Wolfgang Vogelsang, LL.M (London)
wissenschaftlicher Assistent
Lehrstuhl Prof. Dr. Stephan Lorenz 
 
 
Arbeitsgemeinschaft Zivilrecht IV

 ZPO-Erkenntnisverfahren

4. Arbeitsgemeinschaft

 Zulässigkeit der Klage III

 

Fall 3:          "Mitgefangen, mitgehangen?"

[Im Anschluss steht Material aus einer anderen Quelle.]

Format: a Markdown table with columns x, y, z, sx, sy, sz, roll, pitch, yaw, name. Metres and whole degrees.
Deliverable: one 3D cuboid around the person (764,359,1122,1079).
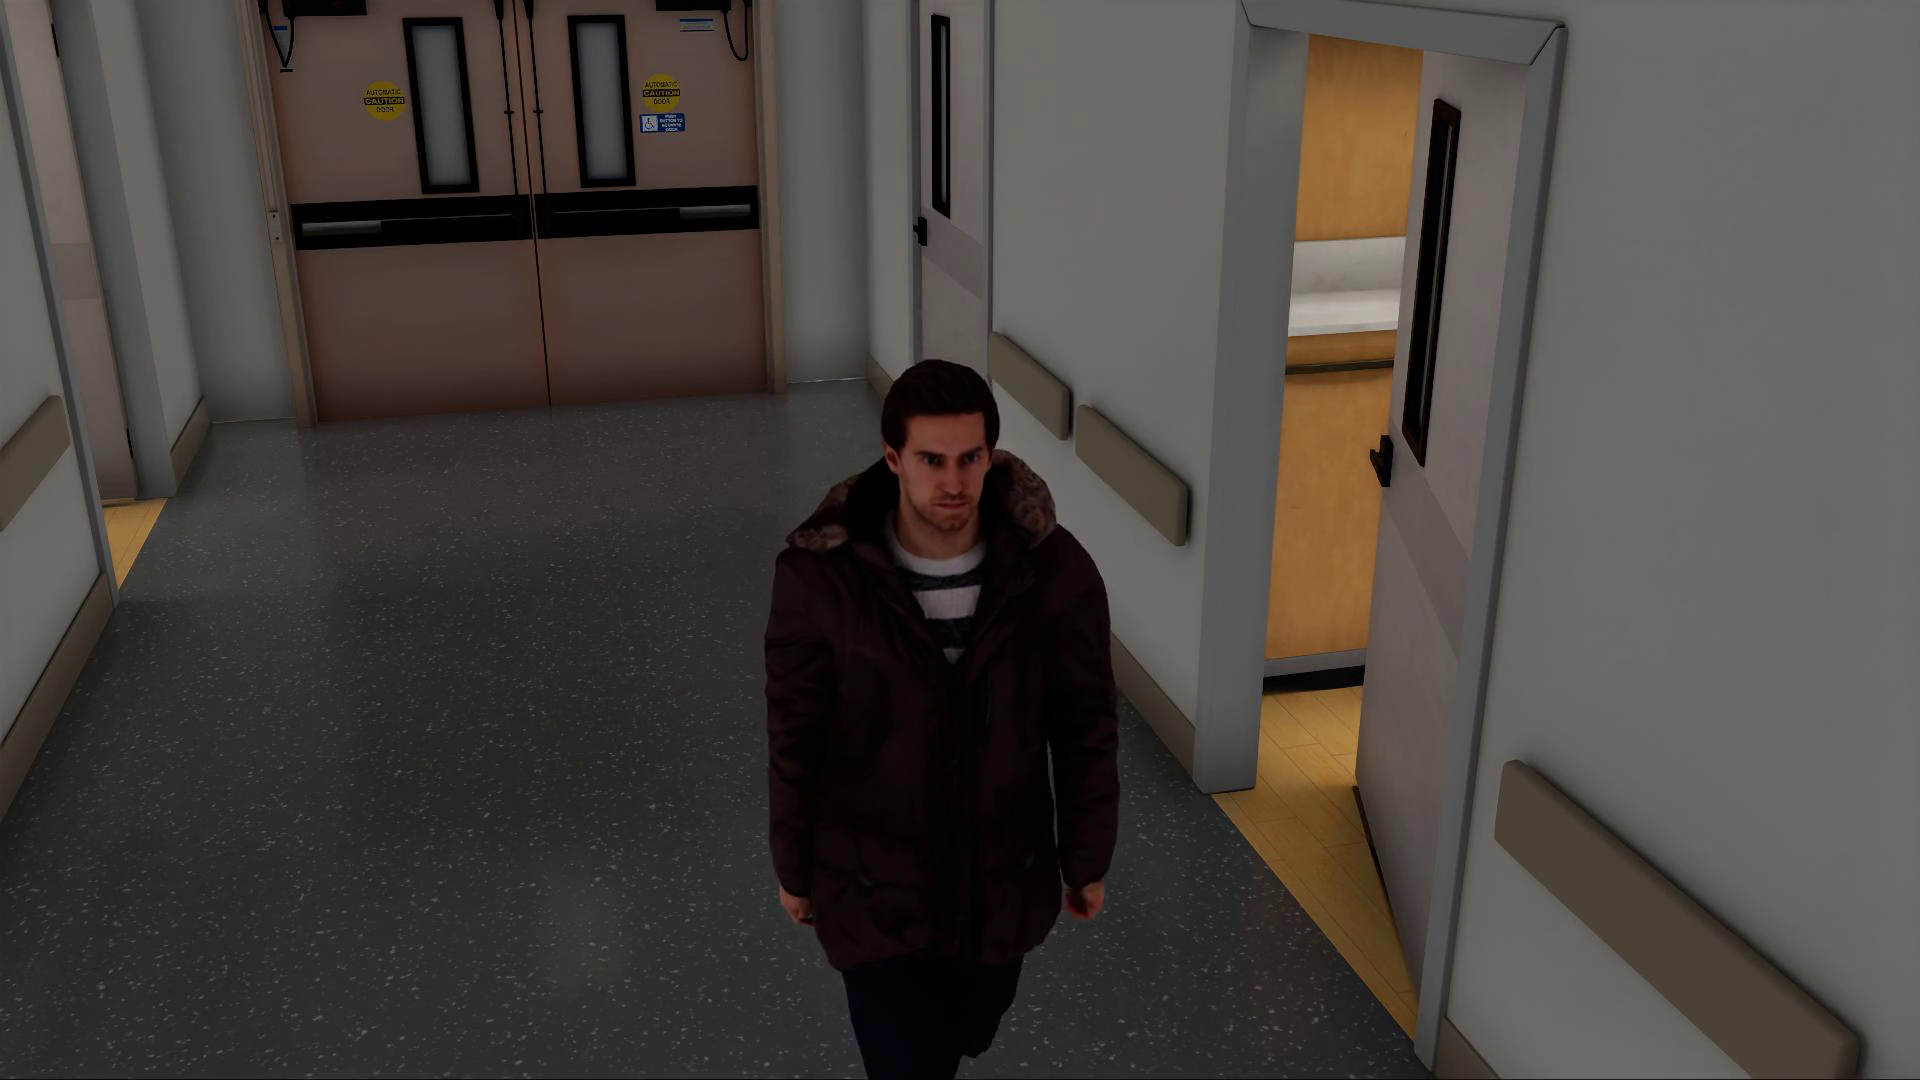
| x | y | z | sx | sy | sz | roll | pitch | yaw | name |
| --- | --- | --- | --- | --- | --- | --- | --- | --- | --- |
| -0.054 | 0.553 | 3.020 | 0.763 | 1.809 | 1.153 | -5 | 21 | -13 | person |

A, B und C sind Gesamtschuldner aus gemeinschaftlichem Delikt (§ 840 Abs. 1 BGB). Der Verletzte (V) erwirkt gegen A ein Urteil auf Zahlung von Schadensersatz in Höhe von DM 12.000. Nach erfolgloser Zwangsvollstreckung bei A beantragt V bei dem Gericht, das das Urteil gegen A erlassen hat, die Vollstreckungsklausel auf B und C umschreiben zu lassen.

Wie ist die Rechtslage? 
 
 

Lösung:

Fraglich ist, ob die Vollstreckungsklausel des Urteils gegen A auf B und C umgeschrieben werden kann. Das kommt nur dann in Betracht, wenn sich die Rechtskraft des Urteils gegen A auch auf B und C erstreckt (vgl. §§ 727 ff ZPO).

Die Wirkung der materiellen Rechtskraft gem. § 322 Abs. 1 ZPO erstreckt sich grundsätzlich nur auf die Parteien des Rechtsstreits, in dem die Entscheidung ergangen ist, § 325 ZPO. Durch die materielle Rechtskraft wird verhindert, daß in einem neuen Prozeß über eine bereits rechtskräftig festgestellte Rechtsfolge verhandelt und entschieden wird. Diese Beschränkung ist sachgerecht, weil nur sie durch ihre Mitwirkung am Prozeß die Möglichkeit erhalten haben, auf den Inhalt des Urteils Einfluß zu nehmen. 
Dieser Grundsatz wird nur in zwei Fallkonstellationen durchbrochen (1)

  1. Das Gesetz erstreckt die Rechtskraft auch auf Dritte. In diesem Sinne bestimmt § 325 Abs. 1 ZPO, daß die Rechtskraft auch die Rechtsnachfolger der Parteien erfaßt. Weitere Regelungen enthalten §§ 326, 327 ZPO sowie Sondervorschriften in der ZPO (2) sowie in anderen Gesetzen (3)
  2. Die Rechtskrafterstreckung auf Dritte ist aufgrund materiell-rechtlicher Abhängigkeit notwendig. In zahlreichen Fällen hängen Ansprüche gegen mehrere Personen inhaltlich voneinander ab. Die Art dieser Abhängigkeit ist materiell-rechtlich unterschiedlich gestaltet. Gemeinsam ist diesen Fällen, daß sie nur dann reibungslos abgewickelt werden können, wenn die voneinander abhängigen Ansprüche im gleichen Sinne behandelt werden. Daher kann sich, auch wenn das Gesetz nicht ausdrücklich die Bindung Dritter an die Rechtskraft eines Urteils anordnet, doch aus der gesetzlichen Regelung die Notwendigkeit ergeben, der gerichtlichen Entscheidung Verbindlichkeit auch gegenüber Dritten zuzuerkennen (4)
Im Falle der Gesamtschuldnerschaft liegt einer der Ausnahmefälle, in denen das Gesetz die Rechtskraft auf Dritte erstreckt, nicht vor. Denn nach § 425 Abs. 2 BGB wirkt ein gegen einen Gesamtschuldner erstrittenes Urteil nicht auch zu Lasten eines anderen Gesamtschuldners (5). Die Rechtskraft des von V gegen A erstrittenen Urteils wirkt daher nur zwischen den Parteien. Entsprechend kommt auch eine Umschreibung der Vollstreckungsklausel (§ 727 ZPO) nicht in Betracht.


FN 1: Vgl. statt aller MünchKomm/Gottwald, § 325 Rdnr. 48 ff. (zurück).

FN 2: §3 636a, 638 S. 2, 640h, 641k (Statussachen) (zurück).

FN 3: Z.B.: §§ 248, 249, 252 AktG; §375 Abs. 2 GmbHG; §§ 51 Abs. 5, 96, 111 GenG; § 3 Nr. 8 PflVG (zurück).

FN 4: Übersicht bei MünchKomm/Gottwald, § 325 Rdnr. 57 ff. (zurück).

FN 5: BGH NJW 1984, 126, 127 (zurück).